Sunday, November 16, 2014


The reason we count them as all joy is the purpose of trials. Verse 3 tells us the testing of your faith produces steadfastness. You are steadfast when you do not waver in your faith, when you endure, when you are firm. Steadfastness and endurance are traits of a mature believer. A mature believer is one who is much like Christ. God works in us for our sanctification, making us more and more like Christ.

Did Jesus have joy in trials? Hebrews 12:2 tell us to look to Jesus who for the joy that was set before him endured the cross, despising the shame. Jesus did not have this trial to sanctify himself, but to save us. But the writer of Hebrews used it as an example for us so that we will endure, not grow weary or fainthearted. (Hebrews 12:3) In other words, so that we will be steadfast.

Steadfastness is not the end result, however. Steadfastness has an effect on us, making us perfect and complete. (4) James said to let it have its full effect on us. We grow in faith. We grow in holiness.

Some of you have faced great trials. You have been seriously ill. You have lost a job. You have been divorced. You have lost friends. You have been persecuted for your faith. All of us will face trials at some point. You can get angry or panic. Or you can count it as joy, trusting God to do his work on you, and wait for it to be over. Once you have trusted God through a trial, you have even greater faith. You become steadfast. You become holy. You become complete.

In addition to Jesus himself, there are other examples in the Bible. As I mentioned, Job faced great trials, but honored the Lord. When Peter and John were arrested for preaching, thy rejoiced that they were counted worthy to suffer dishonor for the name of Jesus. (Acts 5:41) Paul went to prison but wrote that he rejoiced because he believed that Christ would be honored in his body, whether Paul lived or died. (Philippians 1:18)

You may be thinking, how can I get to be like that. James gives us the answer. In verse 5, he said if we lack wisdom we can ask God for it. We quote this out of context all the time. But he is speaking in the framework of trials. If we lack wisdom on how to handle this trial, God will give it generously and without reproach.

Sometimes we face a trial and know exactly what to do. When I faced political turmoil in my job a few years ago, I knew God wanted me to trust him to fix it and avoid taking revenge. I knew this from study of the Bible. But when I faced a trial due to a bad business parter, I did not know what to do and prayed for God to show me. He did and I got through it and learned to trust and to ask.

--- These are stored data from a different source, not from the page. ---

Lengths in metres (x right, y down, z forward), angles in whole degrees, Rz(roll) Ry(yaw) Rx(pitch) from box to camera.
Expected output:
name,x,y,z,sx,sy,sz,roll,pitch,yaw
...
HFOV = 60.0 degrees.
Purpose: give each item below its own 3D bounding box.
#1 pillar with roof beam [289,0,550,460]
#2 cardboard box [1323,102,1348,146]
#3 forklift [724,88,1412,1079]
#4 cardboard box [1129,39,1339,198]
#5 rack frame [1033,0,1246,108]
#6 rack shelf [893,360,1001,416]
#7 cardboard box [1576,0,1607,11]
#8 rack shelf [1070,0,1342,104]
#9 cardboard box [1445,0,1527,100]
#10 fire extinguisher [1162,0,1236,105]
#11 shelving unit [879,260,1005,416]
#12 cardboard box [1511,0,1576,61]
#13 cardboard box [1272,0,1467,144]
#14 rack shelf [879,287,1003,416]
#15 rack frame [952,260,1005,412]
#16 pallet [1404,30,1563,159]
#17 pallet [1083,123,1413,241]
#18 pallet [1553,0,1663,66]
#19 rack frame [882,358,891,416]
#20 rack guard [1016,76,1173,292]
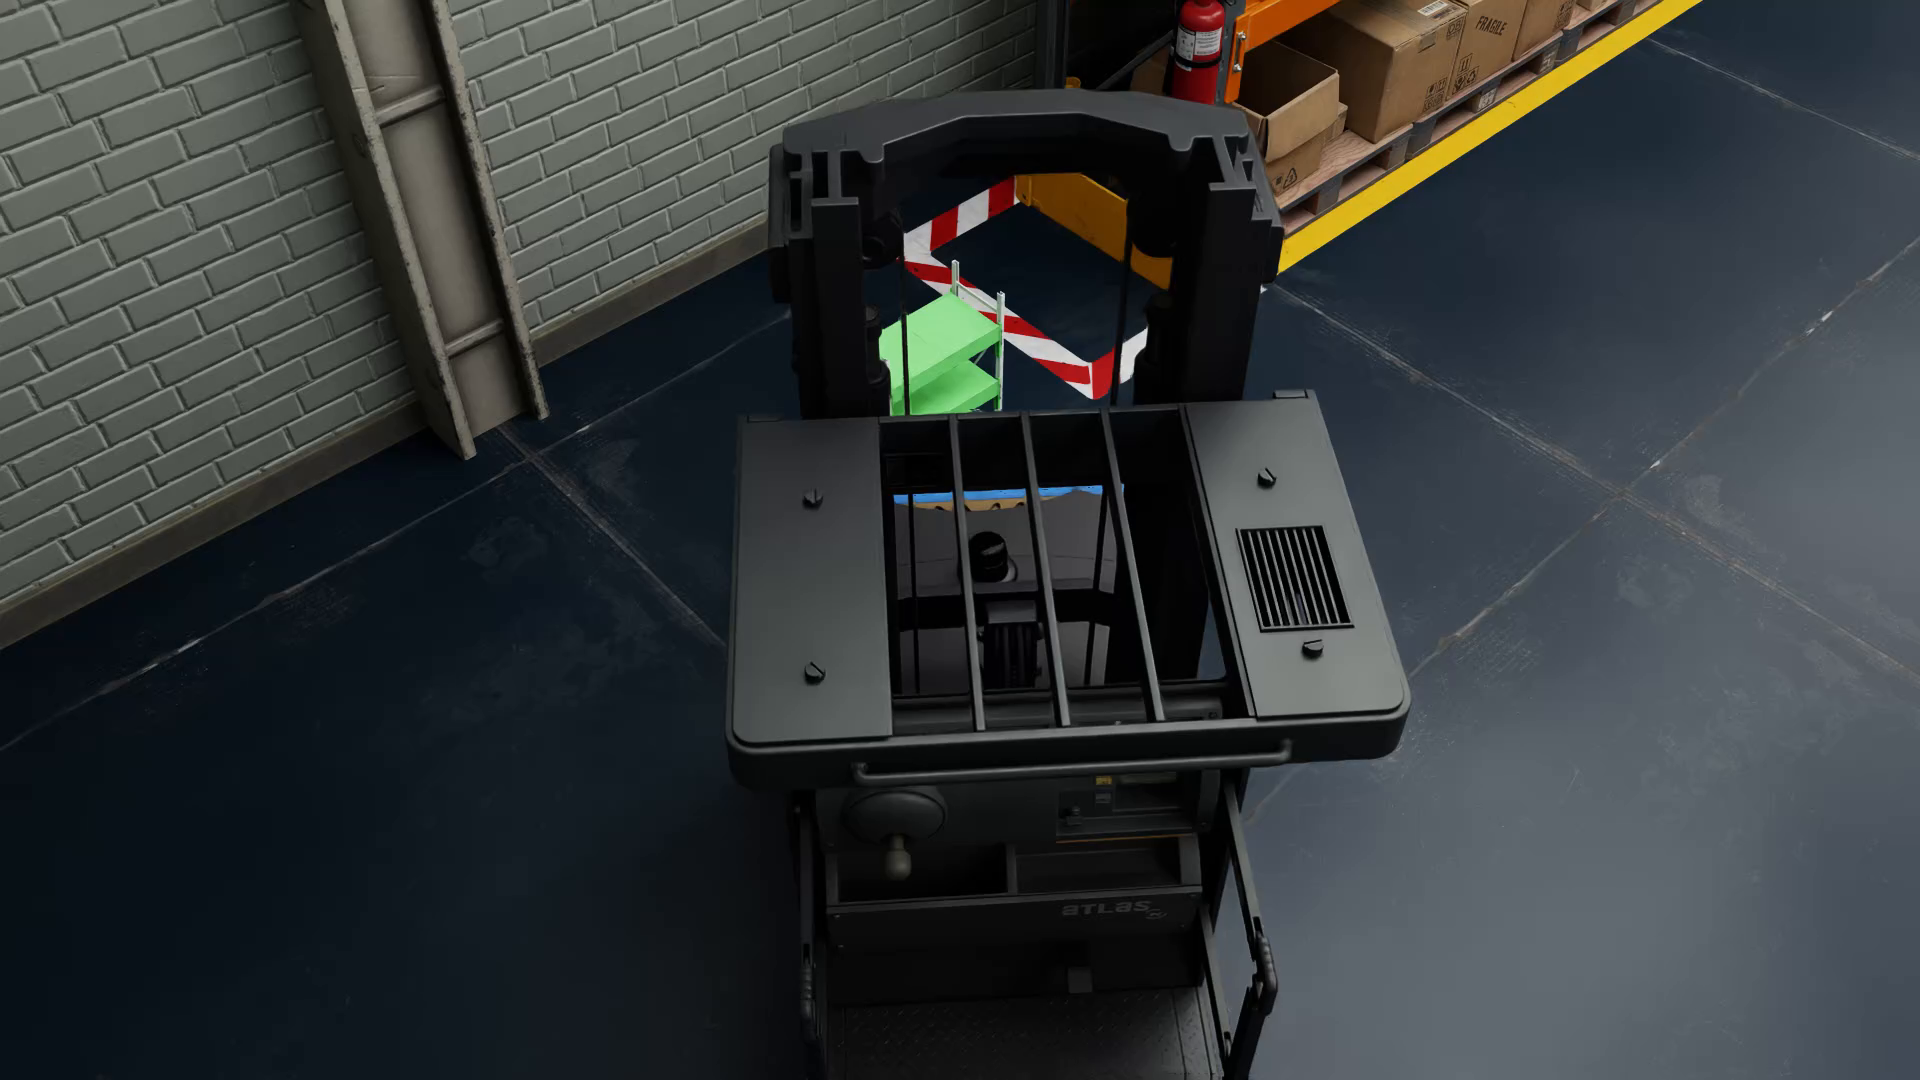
name,x,y,z,sx,sy,sz,roll,pitch,yaw
pillar with roof beam,0.992,-1.203,1.237,0.400,9.000,9.100,-34,56,-27
cardboard box,1.554,-1.968,7.679,0.250,0.149,0.380,-36,57,-28
forklift,0.148,0.662,3.645,1.130,2.935,3.031,-3,47,-3
cardboard box,1.213,-1.899,7.374,0.637,0.503,0.797,-36,57,-28
rack frame,0.697,-2.353,6.380,0.127,3.000,1.000,-34,56,-27
rack shelf,-0.122,-0.444,5.604,0.480,0.148,0.258,-34,56,-27
cardboard box,3.178,-2.934,8.491,0.258,0.266,0.396,-32,55,-26
rack shelf,2.177,-3.098,7.557,4.000,0.370,1.077,-34,56,-27
cardboard box,2.330,-2.507,7.937,0.500,0.500,0.500,-33,55,-27
fire extinguisher,0.899,-1.876,6.246,0.183,0.674,0.296,-34,56,-27
shelving unit,-0.122,-0.325,5.733,0.503,1.200,0.258,-34,56,-27
cardboard box,2.640,-2.813,8.220,0.500,0.500,0.700,-36,57,-28
cardboard box,1.872,-2.300,7.746,0.500,0.500,0.700,-32,55,-26
rack shelf,-0.122,-0.607,5.428,0.480,0.148,0.258,-34,56,-27
rack frame,0.058,-0.446,5.845,0.015,1.200,0.240,-34,56,-27
pallet,2.245,-2.439,8.357,1.213,0.211,1.003,-34,56,-27
pallet,1.342,-1.839,7.804,1.213,0.211,1.003,-34,56,-27
pallet,3.148,-3.046,8.917,1.213,0.211,1.003,-34,56,-27
rack frame,-0.303,-0.204,5.622,0.015,1.200,0.240,-34,56,-27
rack guard,0.753,-1.543,7.333,0.348,0.500,1.175,-34,56,-27
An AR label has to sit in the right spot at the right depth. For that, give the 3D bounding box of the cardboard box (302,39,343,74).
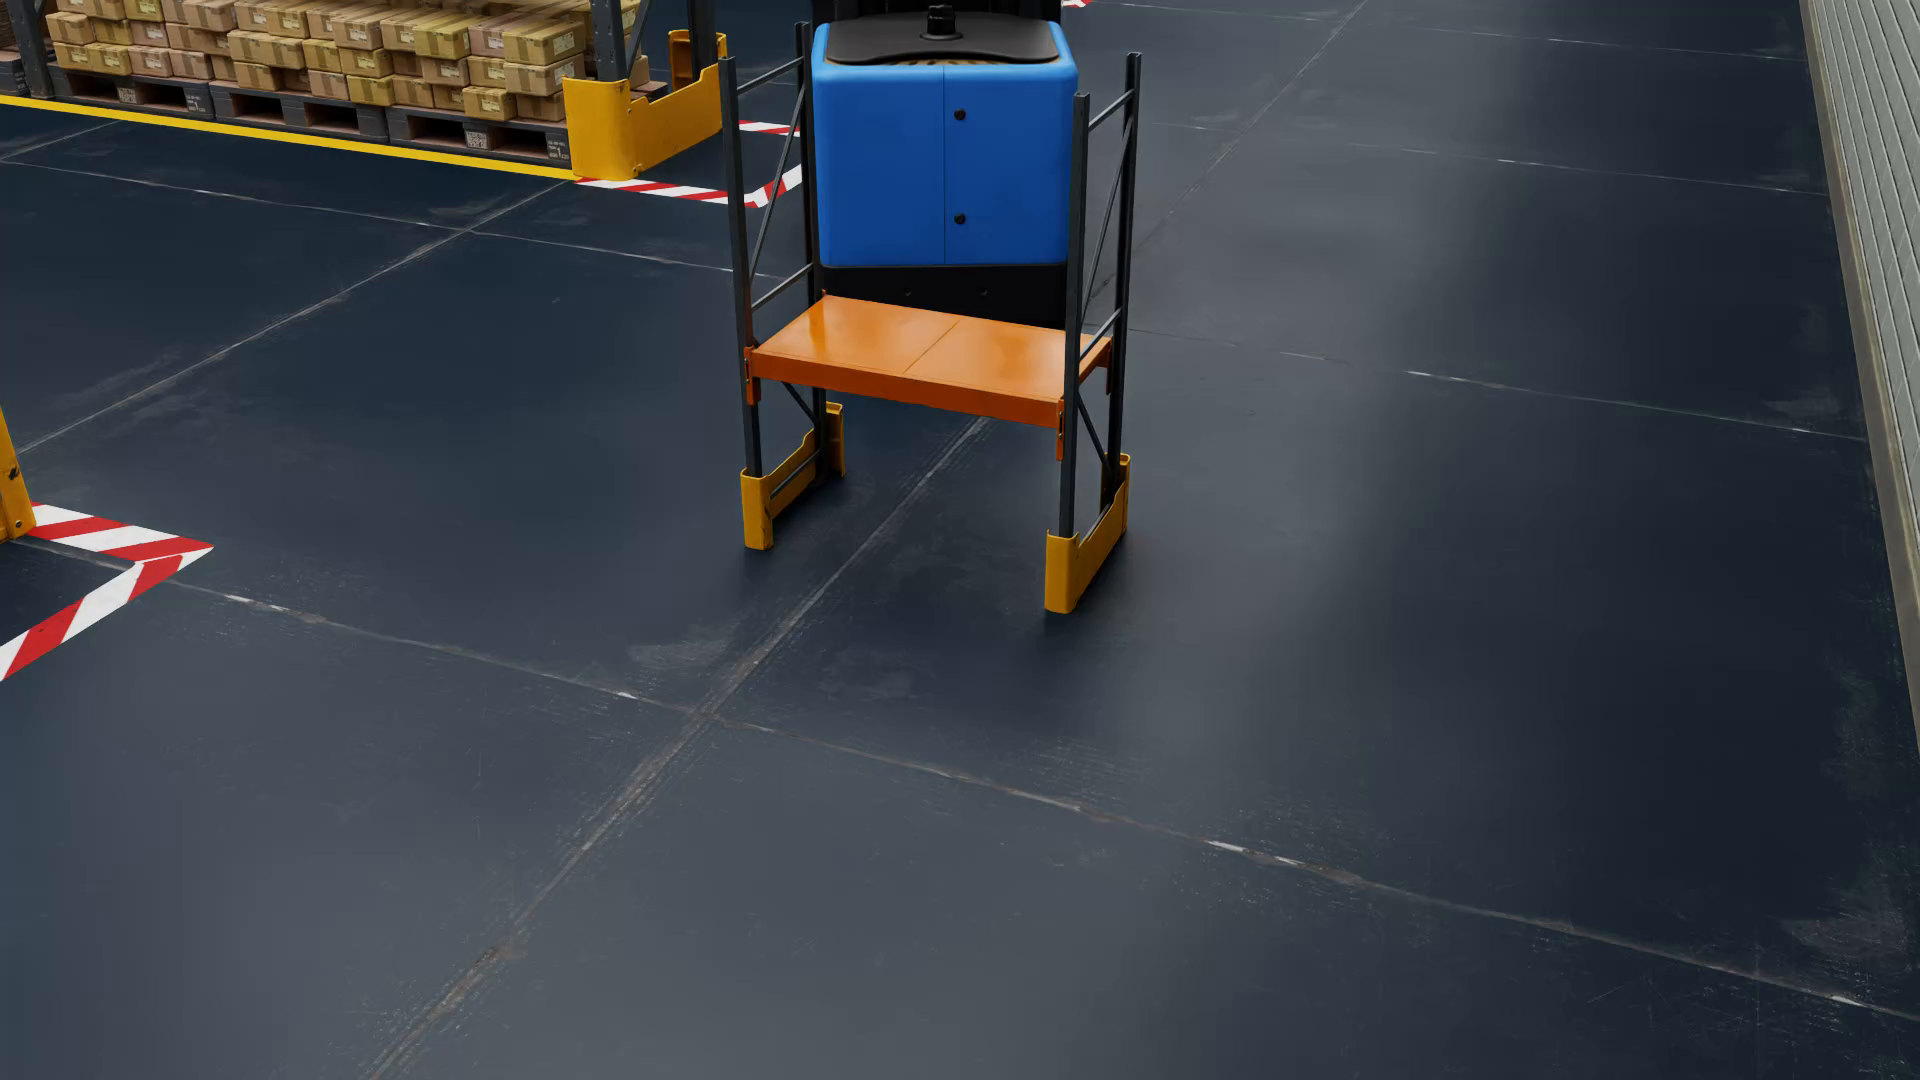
[{"bbox_3d":[-3.369,-2.689,9.127,0.250,0.149,0.380,13,32,22],"label":"cardboard box"}]

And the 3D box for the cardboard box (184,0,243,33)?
[{"bbox_3d":[-4.099,-2.967,9.317,0.250,0.149,0.380,12,32,20],"label":"cardboard box"}]

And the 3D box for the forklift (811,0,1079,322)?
[{"bbox_3d":[-0.112,-2.824,7.267,1.130,2.935,3.031,-1,29,-2],"label":"forklift"}]

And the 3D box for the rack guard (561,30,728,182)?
[{"bbox_3d":[-1.645,-2.335,8.873,0.348,0.500,1.175,11,31,19],"label":"rack guard"}]

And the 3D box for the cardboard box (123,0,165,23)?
[{"bbox_3d":[-4.554,-3.089,9.533,0.250,0.149,0.380,11,31,18],"label":"cardboard box"}]

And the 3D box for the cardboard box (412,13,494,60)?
[{"bbox_3d":[-2.660,-2.655,8.764,0.250,0.149,0.380,11,31,18],"label":"cardboard box"}]

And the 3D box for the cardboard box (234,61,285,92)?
[{"bbox_3d":[-3.847,-2.655,9.370,0.250,0.149,0.380,10,31,18],"label":"cardboard box"}]

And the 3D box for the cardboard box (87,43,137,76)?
[{"bbox_3d":[-4.818,-2.828,9.675,0.250,0.149,0.380,12,32,21],"label":"cardboard box"}]

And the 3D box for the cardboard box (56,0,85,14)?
[{"bbox_3d":[-5.040,-3.192,9.714,0.250,0.149,0.380,13,32,21],"label":"cardboard box"}]

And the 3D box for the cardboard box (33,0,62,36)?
[{"bbox_3d":[-5.866,-3.501,10.510,0.500,0.500,0.500,13,32,21],"label":"cardboard box"}]

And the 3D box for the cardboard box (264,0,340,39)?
[{"bbox_3d":[-3.602,-2.891,9.182,0.250,0.149,0.380,11,31,19],"label":"cardboard box"}]

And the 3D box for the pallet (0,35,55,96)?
[{"bbox_3d":[-6.003,-3.078,10.482,1.213,0.211,1.003,11,31,19],"label":"pallet"}]

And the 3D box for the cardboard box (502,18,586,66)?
[{"bbox_3d":[-2.161,-2.592,8.653,0.250,0.149,0.380,12,32,20],"label":"cardboard box"}]

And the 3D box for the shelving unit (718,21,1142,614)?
[{"bbox_3d":[-0.071,-0.667,4.906,1.083,1.500,0.587,11,31,19],"label":"shelving unit"}]

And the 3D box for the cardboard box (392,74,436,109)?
[{"bbox_3d":[-2.864,-2.482,9.064,0.250,0.149,0.380,12,31,20],"label":"cardboard box"}]

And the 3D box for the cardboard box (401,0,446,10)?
[{"bbox_3d":[-2.933,-3.026,9.422,0.250,0.149,0.380,13,32,21],"label":"cardboard box"}]

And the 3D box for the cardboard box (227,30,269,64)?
[{"bbox_3d":[-3.853,-2.784,9.296,0.250,0.149,0.380,11,31,19],"label":"cardboard box"}]

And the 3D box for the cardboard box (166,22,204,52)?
[{"bbox_3d":[-4.309,-2.921,9.538,0.250,0.149,0.380,10,31,17],"label":"cardboard box"}]

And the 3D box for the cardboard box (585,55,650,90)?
[{"bbox_3d":[-1.940,-2.594,9.261,0.250,0.149,0.380,12,32,20],"label":"cardboard box"}]

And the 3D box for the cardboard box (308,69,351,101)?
[{"bbox_3d":[-3.369,-2.561,9.202,0.250,0.149,0.380,12,32,20],"label":"cardboard box"}]

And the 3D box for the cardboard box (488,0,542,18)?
[{"bbox_3d":[-2.419,-2.963,9.309,0.250,0.149,0.380,11,31,19],"label":"cardboard box"}]

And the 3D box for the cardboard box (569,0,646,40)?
[{"bbox_3d":[-1.933,-2.862,9.130,0.250,0.149,0.380,10,31,17],"label":"cardboard box"}]

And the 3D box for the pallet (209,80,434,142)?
[{"bbox_3d":[-3.511,-2.602,9.639,1.213,0.211,1.003,11,31,19],"label":"pallet"}]

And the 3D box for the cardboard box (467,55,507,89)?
[{"bbox_3d":[-2.393,-2.521,8.829,0.250,0.149,0.380,11,31,18],"label":"cardboard box"}]

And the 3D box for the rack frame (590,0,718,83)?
[{"bbox_3d":[-1.575,-3.409,8.233,0.127,3.000,1.000,11,31,19],"label":"rack frame"}]

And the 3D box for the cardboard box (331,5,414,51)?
[{"bbox_3d":[-3.146,-2.756,8.943,0.250,0.149,0.380,12,32,21],"label":"cardboard box"}]

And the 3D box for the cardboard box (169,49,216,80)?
[{"bbox_3d":[-4.314,-2.781,9.593,0.250,0.149,0.380,11,31,18],"label":"cardboard box"}]

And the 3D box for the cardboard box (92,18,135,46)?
[{"bbox_3d":[-4.798,-3.001,9.680,0.250,0.149,0.380,12,31,19],"label":"cardboard box"}]

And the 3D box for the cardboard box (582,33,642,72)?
[{"bbox_3d":[-1.964,-2.694,9.136,0.250,0.149,0.380,13,32,21],"label":"cardboard box"}]

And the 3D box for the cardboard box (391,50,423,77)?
[{"bbox_3d":[-2.864,-2.640,9.040,0.250,0.149,0.380,11,31,19],"label":"cardboard box"}]

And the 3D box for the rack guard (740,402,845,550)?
[{"bbox_3d":[-0.532,-0.215,5.376,0.087,0.250,0.587,11,31,19],"label":"rack guard"}]

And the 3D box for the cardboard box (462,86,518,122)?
[{"bbox_3d":[-2.418,-2.354,8.838,0.250,0.149,0.380,12,32,21],"label":"cardboard box"}]

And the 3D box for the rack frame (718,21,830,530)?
[{"bbox_3d":[-0.550,-0.763,5.075,0.032,1.500,0.500,11,31,19],"label":"rack frame"}]

James says God gives generously. He will give you the wisdom you need to handle the trial. He will not withhold from you. He also does this without reproach. Have you ever asked somebody a question, and gotten the answer, but made to feel stupid? God does not do that. He literally gives wisdom single-mindedly.

And in the same way, we must ask for wisdom without doubting. You cannot really stand firm and doubt at the same time. So, you cannot ask God for wisdom on how to be steadfast if you doubt that God can or will give it. You are unstable, saying one thing and believing another.

I think many folks approach a test this way. They ask God to help, but actually doubt that he can help. Then they face the trial in doubt and fear and anger and do not receive any spiritual growth from it. Sometimes God is gracious and still handles the trial or makes it come out all right, but the believer does not receive the full benefit of the trial. So his or her testimony is “I was not sure God would help me and I really was terrified but he did and now I am relieved”. But it could have been, I asked God for wisdom and he gave it to me. I endured the trial and praise God for the ability to face it and grow from it.